▶ Your instructions
For the material below, return exactly the lines starting at the line containing "Provide a succinct answer. Yes." and ending at the line containing "Offer a terse response. 28.2.", both ends included, and no others.
=== Section Start ===
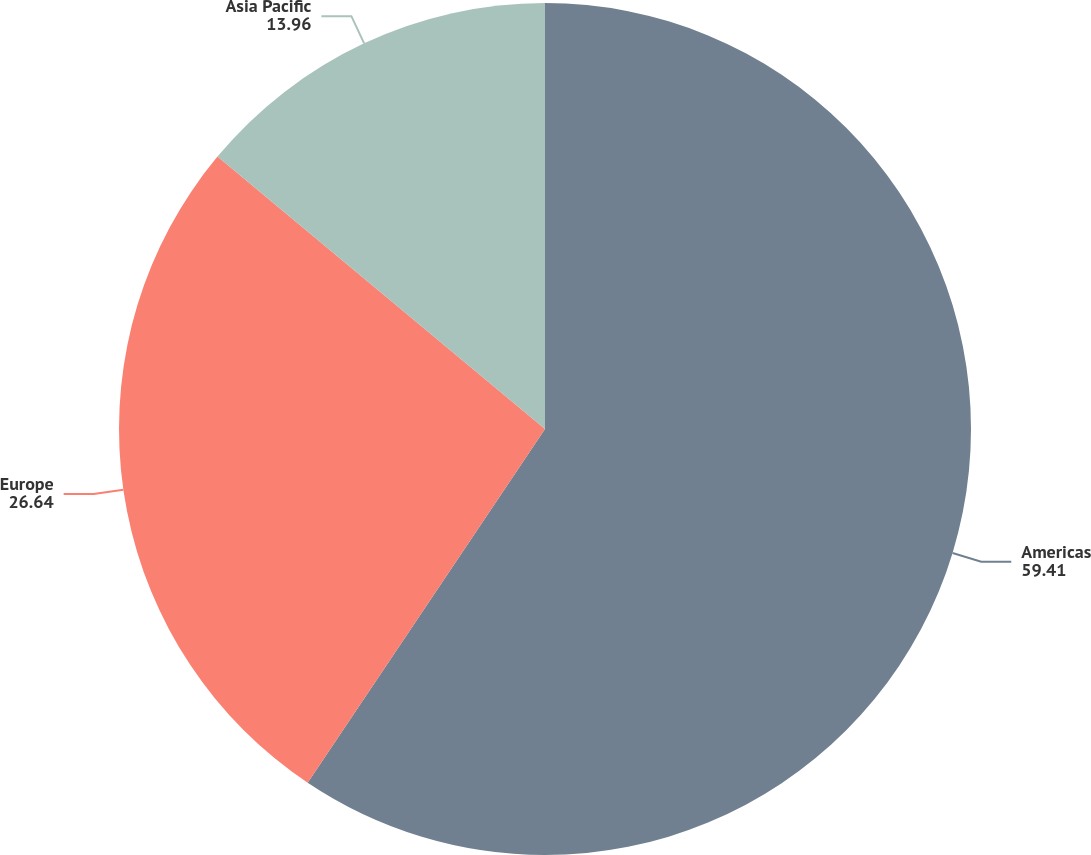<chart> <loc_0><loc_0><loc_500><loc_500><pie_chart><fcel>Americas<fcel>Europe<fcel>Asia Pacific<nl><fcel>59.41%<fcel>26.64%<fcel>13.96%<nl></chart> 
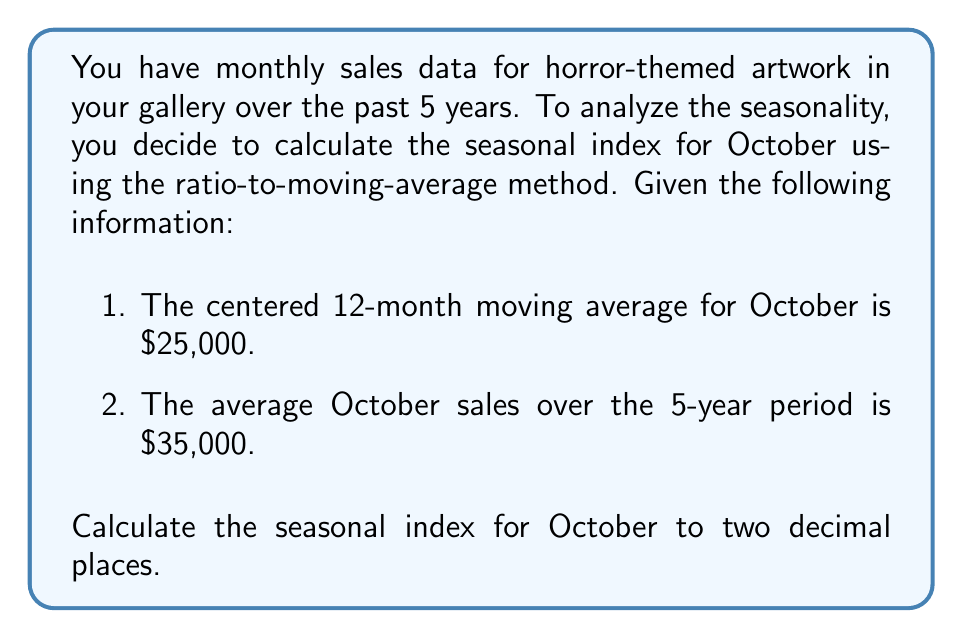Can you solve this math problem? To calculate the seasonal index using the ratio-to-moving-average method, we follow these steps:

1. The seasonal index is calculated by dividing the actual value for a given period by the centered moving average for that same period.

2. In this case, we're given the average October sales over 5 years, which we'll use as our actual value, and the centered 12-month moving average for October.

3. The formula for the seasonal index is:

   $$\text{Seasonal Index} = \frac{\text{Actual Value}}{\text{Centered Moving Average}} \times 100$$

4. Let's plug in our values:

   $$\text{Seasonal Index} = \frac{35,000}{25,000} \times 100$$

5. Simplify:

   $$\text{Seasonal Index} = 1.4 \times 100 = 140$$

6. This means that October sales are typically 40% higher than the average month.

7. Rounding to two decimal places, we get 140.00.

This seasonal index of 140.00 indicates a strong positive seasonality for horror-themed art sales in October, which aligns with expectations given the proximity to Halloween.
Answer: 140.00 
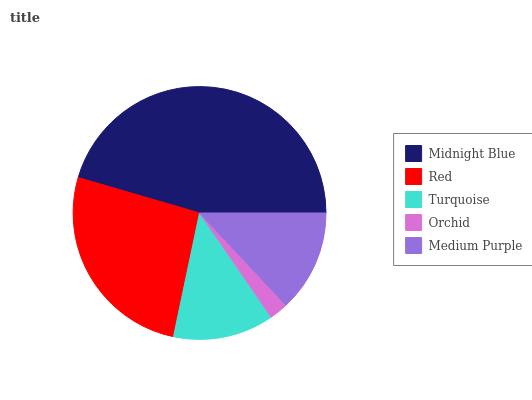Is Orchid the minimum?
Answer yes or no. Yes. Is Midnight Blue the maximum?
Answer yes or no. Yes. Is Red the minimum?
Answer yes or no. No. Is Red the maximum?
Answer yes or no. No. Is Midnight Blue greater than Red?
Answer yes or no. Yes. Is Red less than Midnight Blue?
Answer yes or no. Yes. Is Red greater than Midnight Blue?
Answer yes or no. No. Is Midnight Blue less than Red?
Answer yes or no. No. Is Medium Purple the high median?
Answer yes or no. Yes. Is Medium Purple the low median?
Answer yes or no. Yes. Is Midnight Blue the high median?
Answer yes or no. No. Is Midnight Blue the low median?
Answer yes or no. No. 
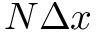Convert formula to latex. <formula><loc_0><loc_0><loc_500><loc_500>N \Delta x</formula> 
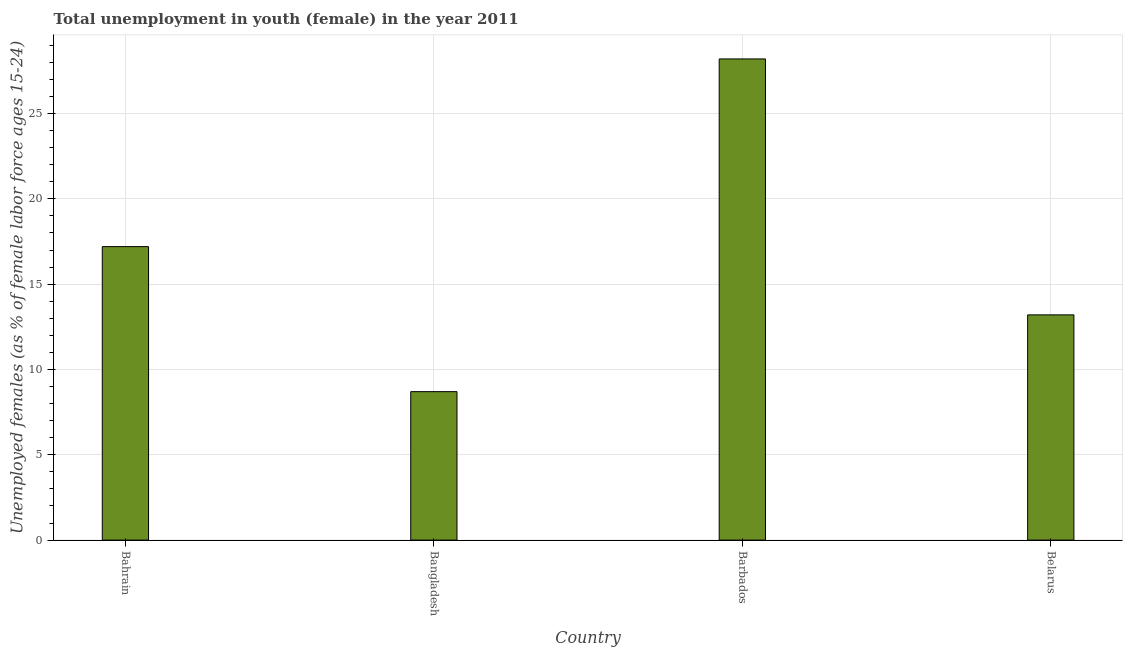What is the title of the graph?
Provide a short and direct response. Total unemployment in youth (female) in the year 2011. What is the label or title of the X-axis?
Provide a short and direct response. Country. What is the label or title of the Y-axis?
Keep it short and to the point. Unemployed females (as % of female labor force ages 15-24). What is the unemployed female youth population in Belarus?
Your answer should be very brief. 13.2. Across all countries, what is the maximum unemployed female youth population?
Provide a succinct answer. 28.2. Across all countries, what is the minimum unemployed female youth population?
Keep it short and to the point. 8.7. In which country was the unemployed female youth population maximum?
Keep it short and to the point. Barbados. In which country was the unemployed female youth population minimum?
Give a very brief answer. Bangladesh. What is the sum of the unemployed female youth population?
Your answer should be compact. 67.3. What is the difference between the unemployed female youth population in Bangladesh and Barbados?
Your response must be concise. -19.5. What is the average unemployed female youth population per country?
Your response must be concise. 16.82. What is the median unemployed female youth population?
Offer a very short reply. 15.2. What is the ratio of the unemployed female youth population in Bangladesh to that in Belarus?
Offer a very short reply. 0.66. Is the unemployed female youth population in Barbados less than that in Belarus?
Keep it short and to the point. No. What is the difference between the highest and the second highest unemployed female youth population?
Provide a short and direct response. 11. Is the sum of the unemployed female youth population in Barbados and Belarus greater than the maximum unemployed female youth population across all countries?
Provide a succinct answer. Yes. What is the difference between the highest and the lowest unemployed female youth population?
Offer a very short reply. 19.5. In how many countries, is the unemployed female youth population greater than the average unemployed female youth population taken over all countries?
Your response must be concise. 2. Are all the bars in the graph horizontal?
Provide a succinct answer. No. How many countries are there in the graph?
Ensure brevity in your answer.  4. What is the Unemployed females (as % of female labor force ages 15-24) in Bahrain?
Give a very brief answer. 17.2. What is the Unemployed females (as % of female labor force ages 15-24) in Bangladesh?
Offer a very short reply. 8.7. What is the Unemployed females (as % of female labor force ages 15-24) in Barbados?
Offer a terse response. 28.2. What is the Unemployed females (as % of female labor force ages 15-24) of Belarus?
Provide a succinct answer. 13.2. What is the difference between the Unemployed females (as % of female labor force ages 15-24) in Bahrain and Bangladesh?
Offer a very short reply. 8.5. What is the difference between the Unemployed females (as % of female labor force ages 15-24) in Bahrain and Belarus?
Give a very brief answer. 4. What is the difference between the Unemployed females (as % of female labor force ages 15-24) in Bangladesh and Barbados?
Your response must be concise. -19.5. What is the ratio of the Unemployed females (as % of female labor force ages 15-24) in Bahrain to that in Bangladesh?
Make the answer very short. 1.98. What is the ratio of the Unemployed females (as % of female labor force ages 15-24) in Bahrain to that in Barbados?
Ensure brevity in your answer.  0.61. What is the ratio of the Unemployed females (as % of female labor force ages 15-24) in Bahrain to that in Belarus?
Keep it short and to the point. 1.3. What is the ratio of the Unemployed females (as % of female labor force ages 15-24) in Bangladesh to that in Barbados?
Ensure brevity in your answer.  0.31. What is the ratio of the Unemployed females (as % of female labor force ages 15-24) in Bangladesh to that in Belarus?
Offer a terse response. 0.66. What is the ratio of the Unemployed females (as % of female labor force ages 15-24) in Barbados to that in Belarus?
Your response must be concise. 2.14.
=== Section End ===
▶ Exercise result
Provide a succinct answer. Yes. What is the difference between the highest and the lowest unemployed female youth population?
Offer a very short reply. 19.5. In how many countries, is the unemployed female youth population greater than the average unemployed female youth population taken over all countries?
Your response must be concise. 2. Are all the bars in the graph horizontal?
Provide a succinct answer. No. How many countries are there in the graph?
Ensure brevity in your answer.  4. What is the Unemployed females (as % of female labor force ages 15-24) in Bahrain?
Give a very brief answer. 17.2. What is the Unemployed females (as % of female labor force ages 15-24) in Bangladesh?
Offer a very short reply. 8.7. What is the Unemployed females (as % of female labor force ages 15-24) in Barbados?
Offer a terse response. 28.2. What is the Unemployed females (as % of female labor force ages 15-24) of Belarus?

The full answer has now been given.